→ **Information supplied**:
= Beginning of Section =
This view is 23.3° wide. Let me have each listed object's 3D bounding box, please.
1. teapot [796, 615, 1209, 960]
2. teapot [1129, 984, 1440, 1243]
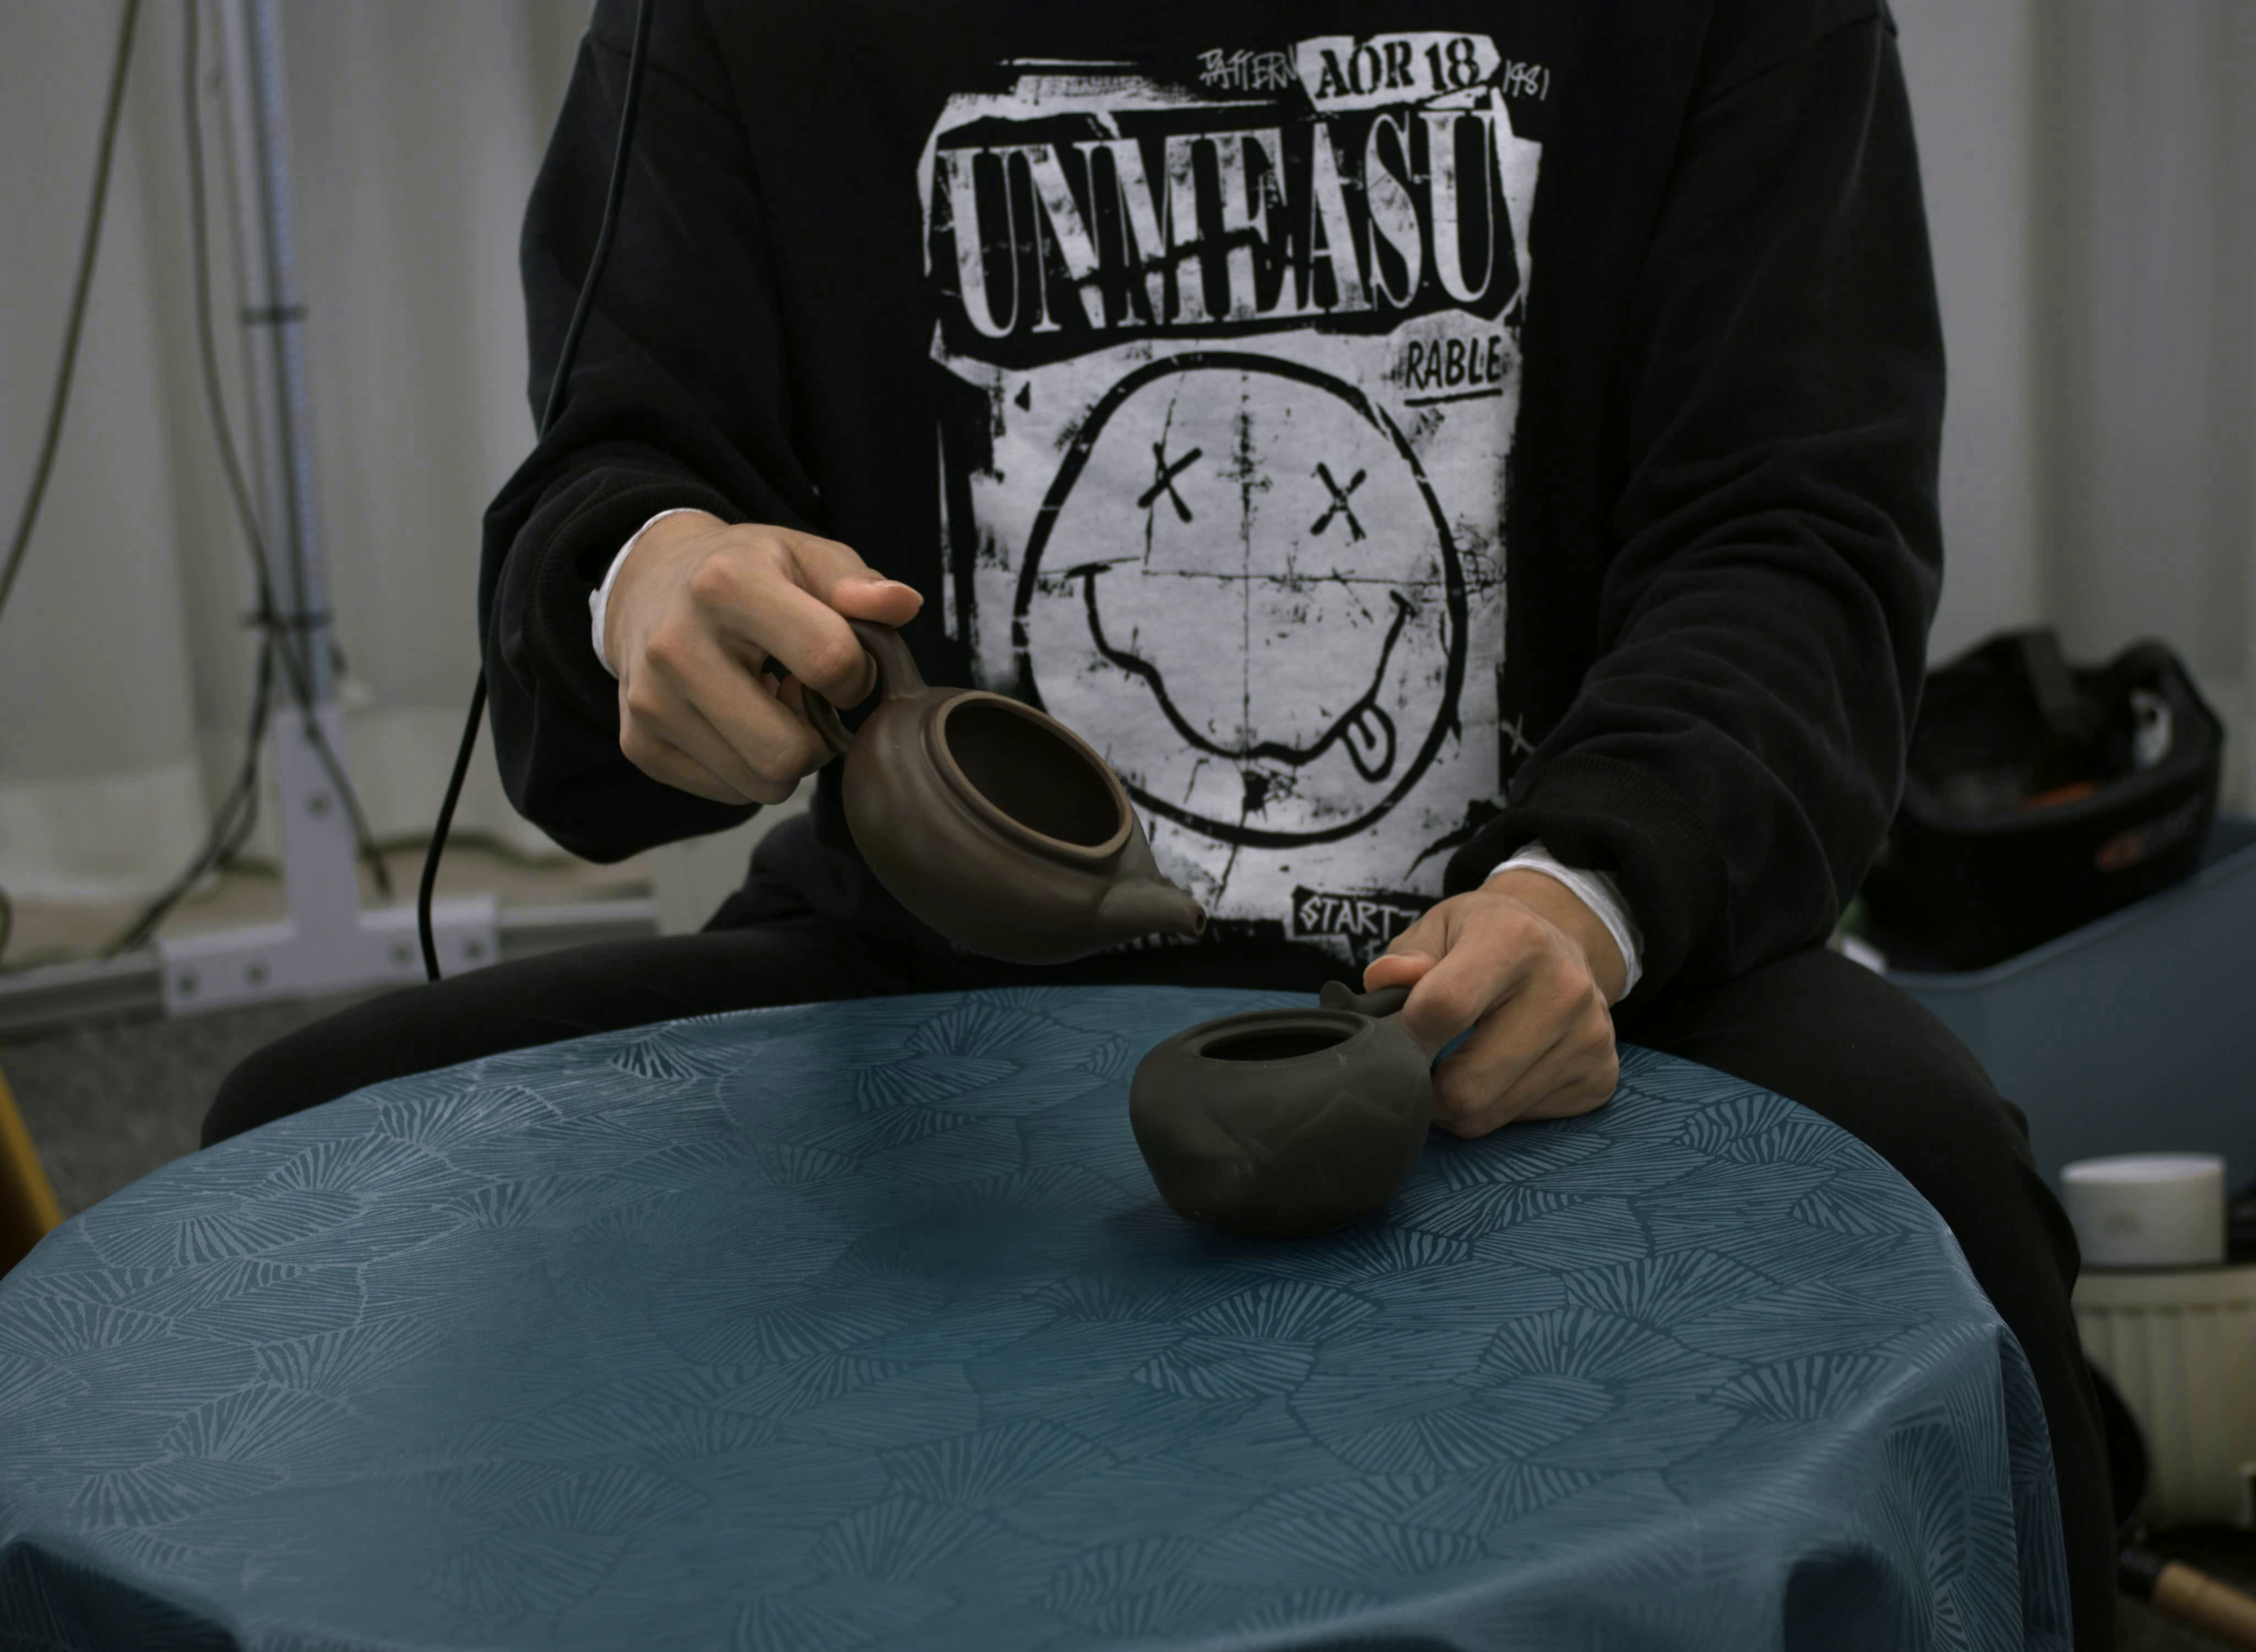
= End of Section =
The listing above must be retyped word for word, without the pictures.

This view is 23.3° wide. Let me have each listed object's 3D bounding box, please.
1. teapot [796, 615, 1209, 960]
2. teapot [1129, 984, 1440, 1243]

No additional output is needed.